Here are a few ways you can support someone’s sobriety:
Learn More About Addiction and Recovery
Understanding addiction and the process of recovery will better equip you to support your friend’s sobriety. Addiction is a disease. It is not a moral failing or the result of a lack of willpower. And recovery will be different for each person. Research more about options available for your friend’s specific substance use disorder and the impacts recovery will have on their life.
It is important to understand that lapses and relapses will happen. Up to 60% of patients will relapse during recovery, less than some chronic illnesses. This doesn’t mean their recovery has failed. Instead, these relapses can help highlight parts of the treatment plan that can be improved. Overall, relapses can help create a stronger treatment plan. Take time to understand possible signs of relapse — knowing if your friend is relapsing can help you address it as soon as possible.
Be There for Them
We all want people who are there for us. Having supportive friends is even more important for people in recovery. Take the time to check in on your friends regularly. Ask them questions about how you can support them and if they have any triggers. You may need to alter your behavior a little — for example, if it’s your tradition to hang out with friends at a bar, you might instead suggest a park so your friend in recovery feels more included.
Being friends with someone recovering from addiction doesn’t mean all your conversations need to be about their progress in recovery. Many people seek out normalcy, so they’ll want to talk about other topics, but if your friend does want to talk about their addiction or recovery, it is best to simply let them tell you how they feel and not try to solve their problems.
Promote Accountability With Healthy Communication
Develop healthy and open communication and establish boundaries with your friend in recovery. Talk about any issues in a clear and non-judgmental way, and avoid language that blames or stigmatizes them or their SUD. If you have a disagreement, give them space to think and respond.

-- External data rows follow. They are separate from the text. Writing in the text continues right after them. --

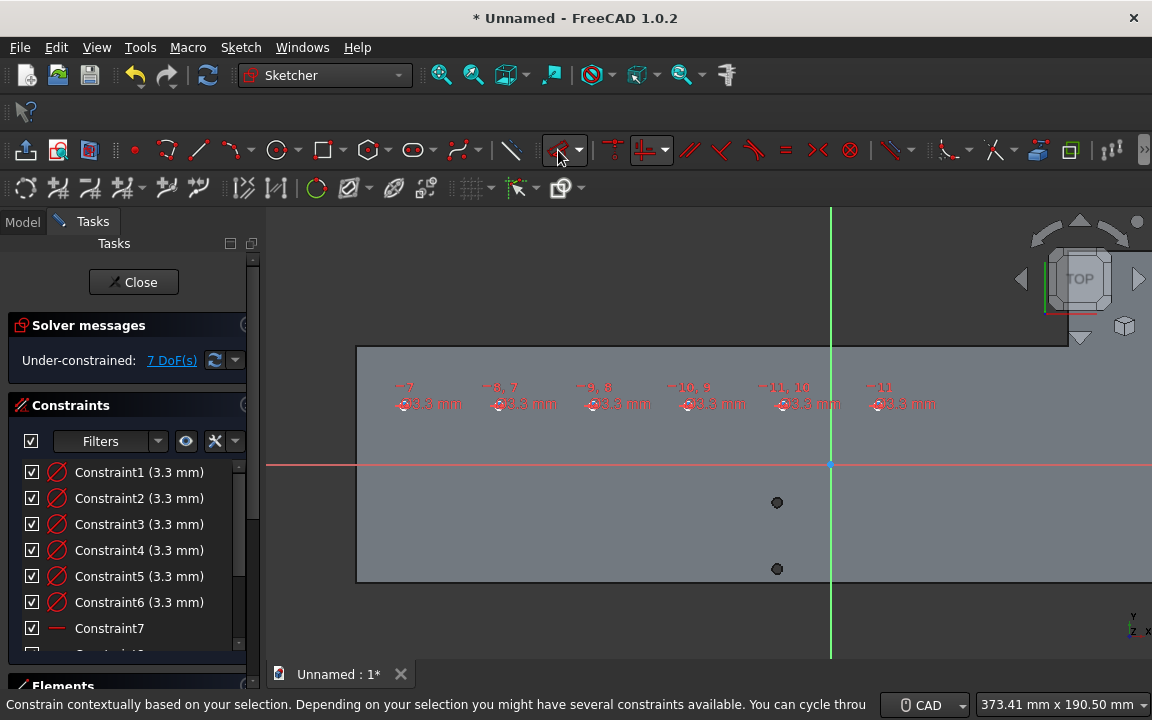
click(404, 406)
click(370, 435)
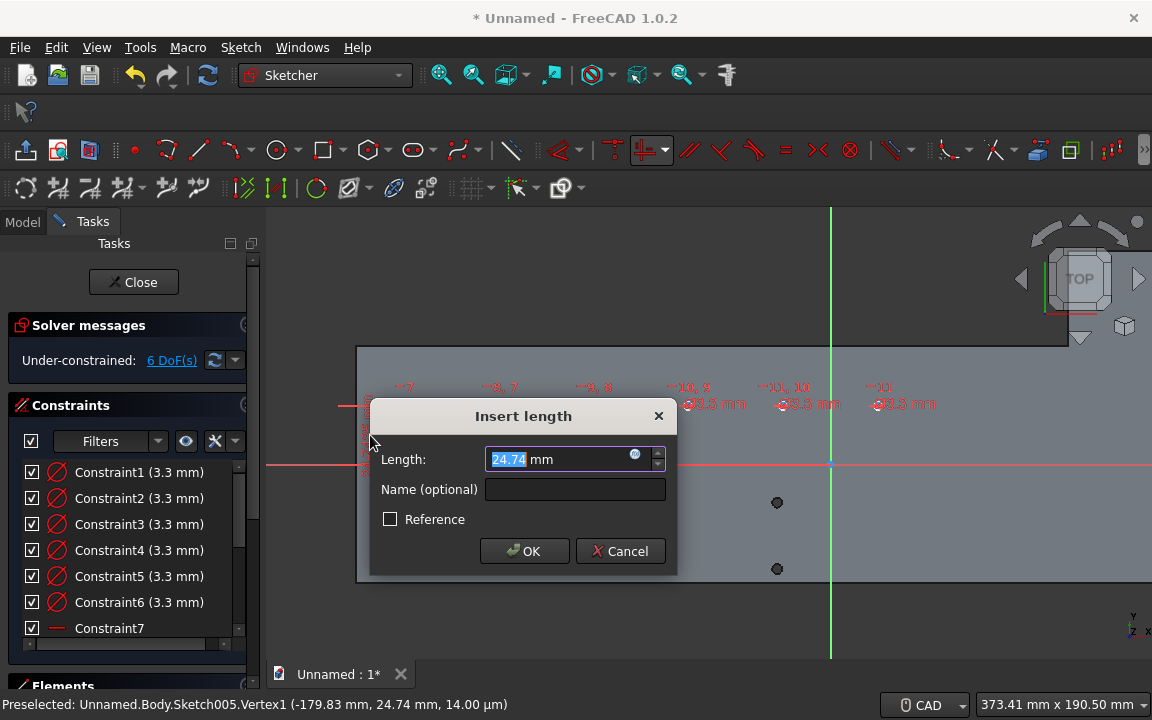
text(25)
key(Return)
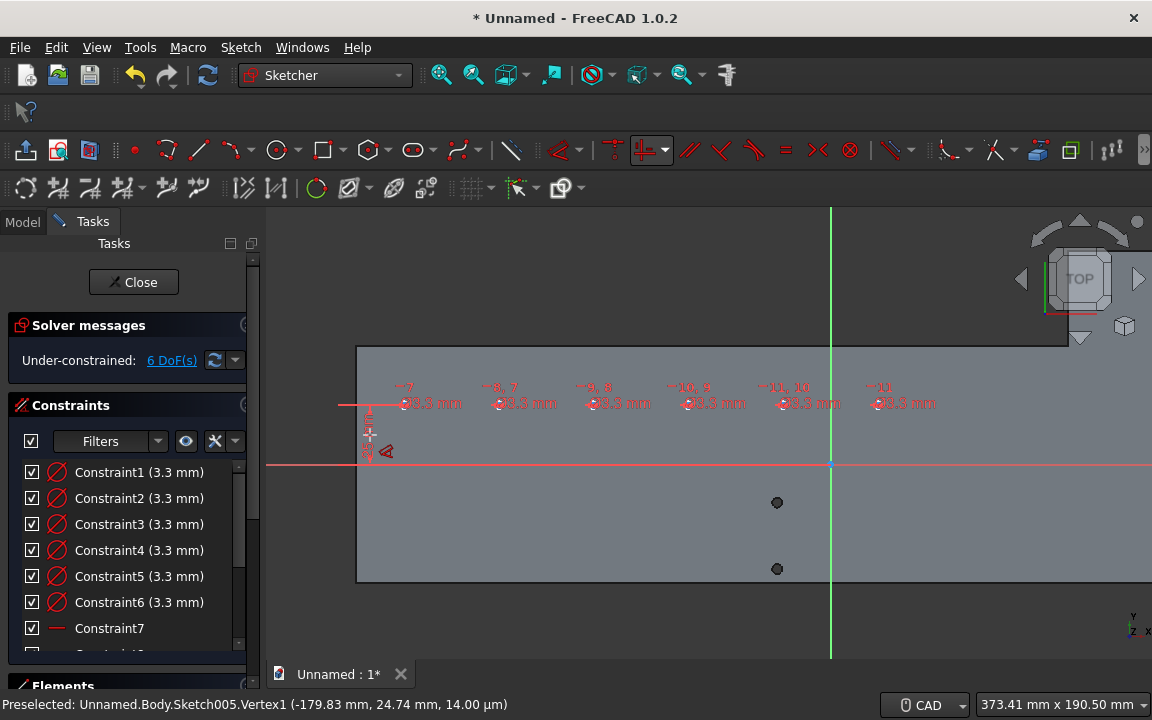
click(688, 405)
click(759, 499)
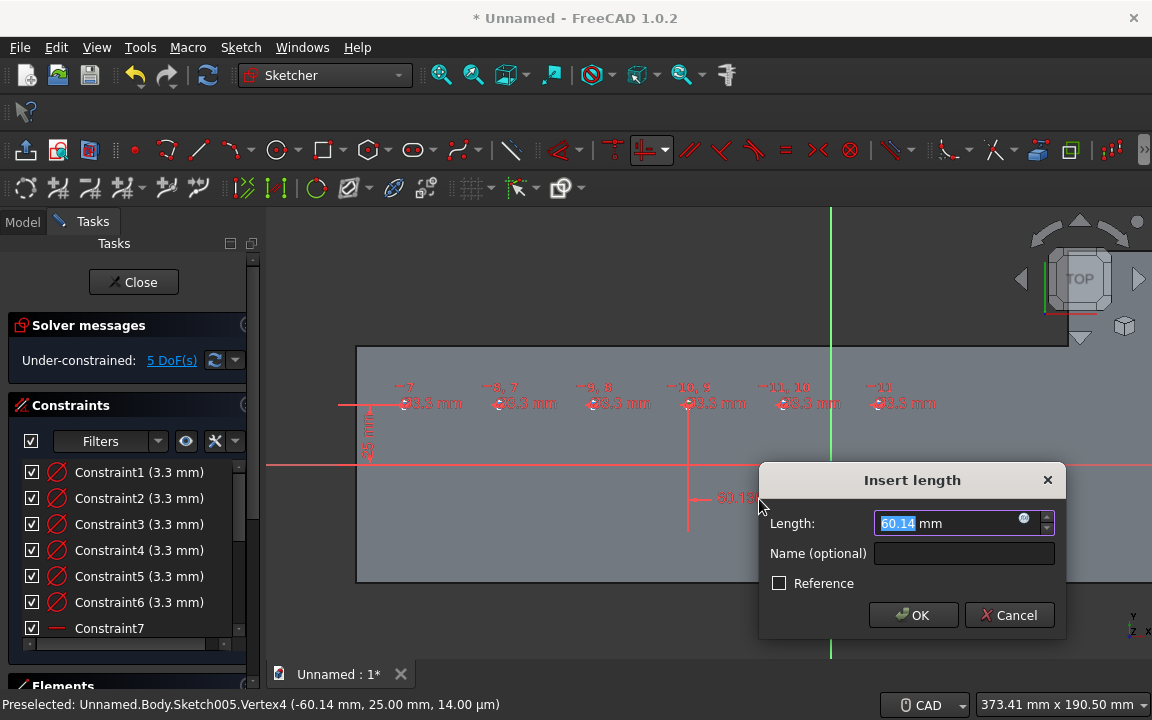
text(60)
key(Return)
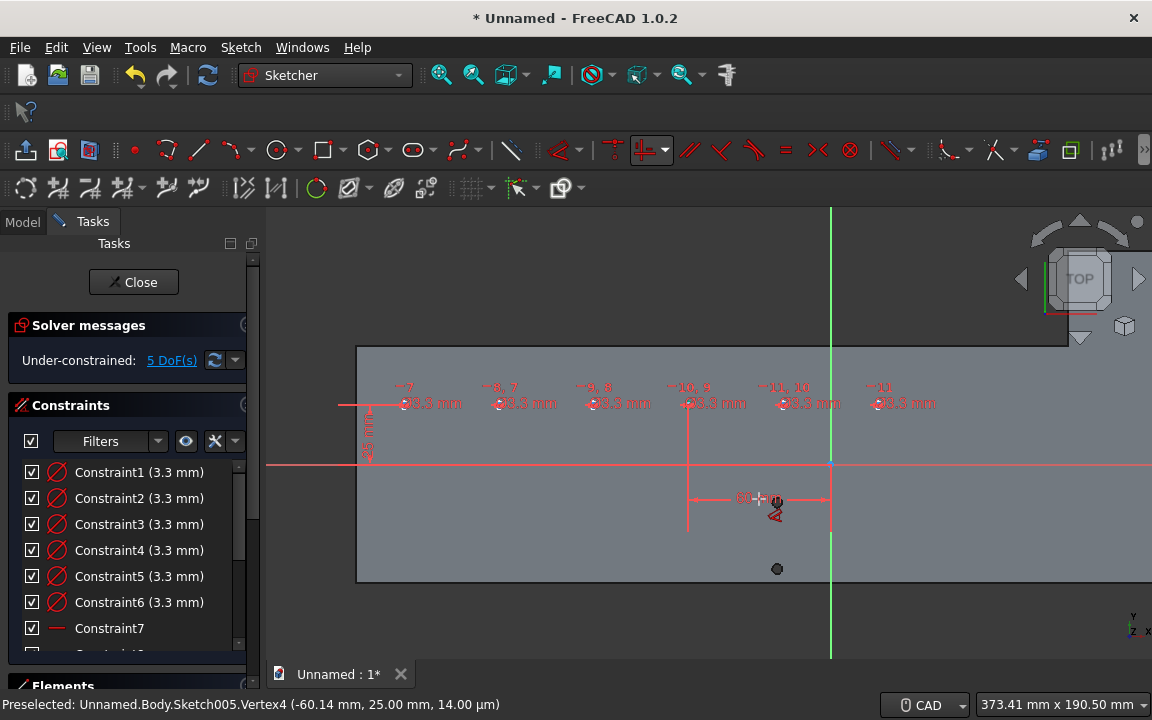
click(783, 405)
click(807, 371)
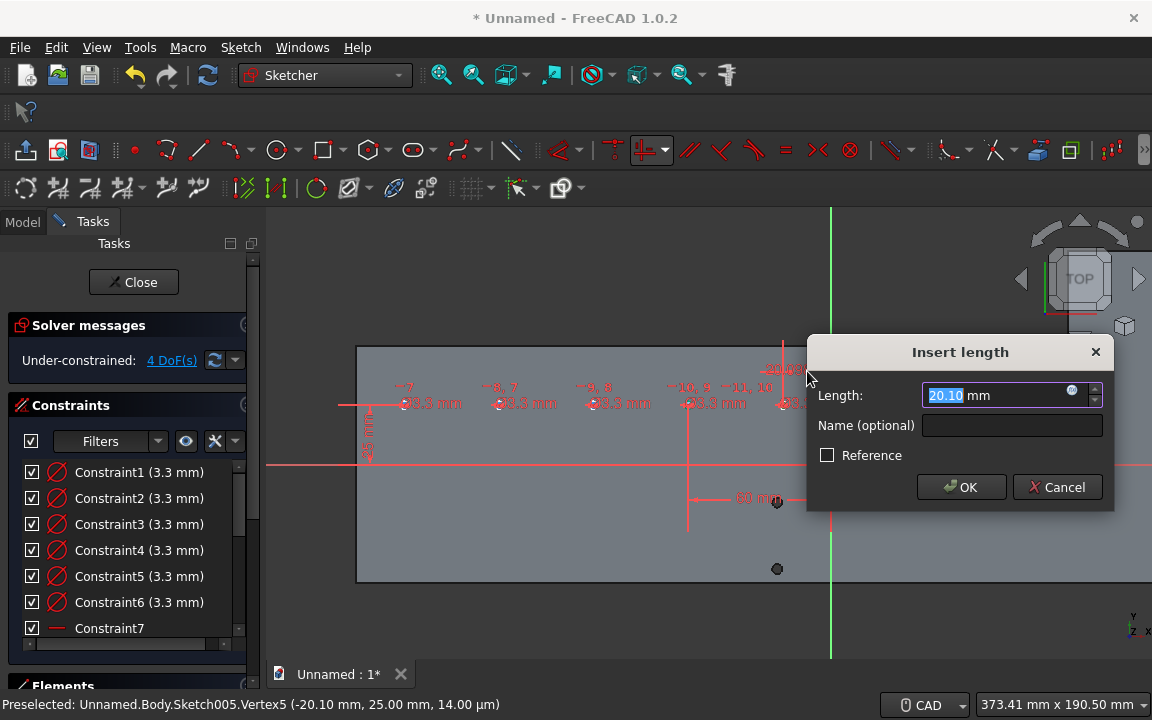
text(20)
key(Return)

If they hit a bump in their road to recovery, offer to take action alongside them rather than expressing your disappointment. Accountability is important for those in recovery from SUD and having a friend who’s open and non-judgemental will make it easier to be upfront about any problems they face.
Encourage Healthy Habits
Getting proper sleep, practicing open communication, exercising and eating healthy food are a few ways to show your support for your friends in recovery. You can also stay away from drugs, alcohol and nicotine to show solidarity with your friend. By working towards similar goals and creating your own healthy habits, your friend will feel less alone in their recovery.
Be aware that if a big part of your relationship with your friend is going out and drinking, this will change in recovery. Look for new ways to bond and have fun together. Search for sober activities you both enjoy or try out several activities you can do to bond.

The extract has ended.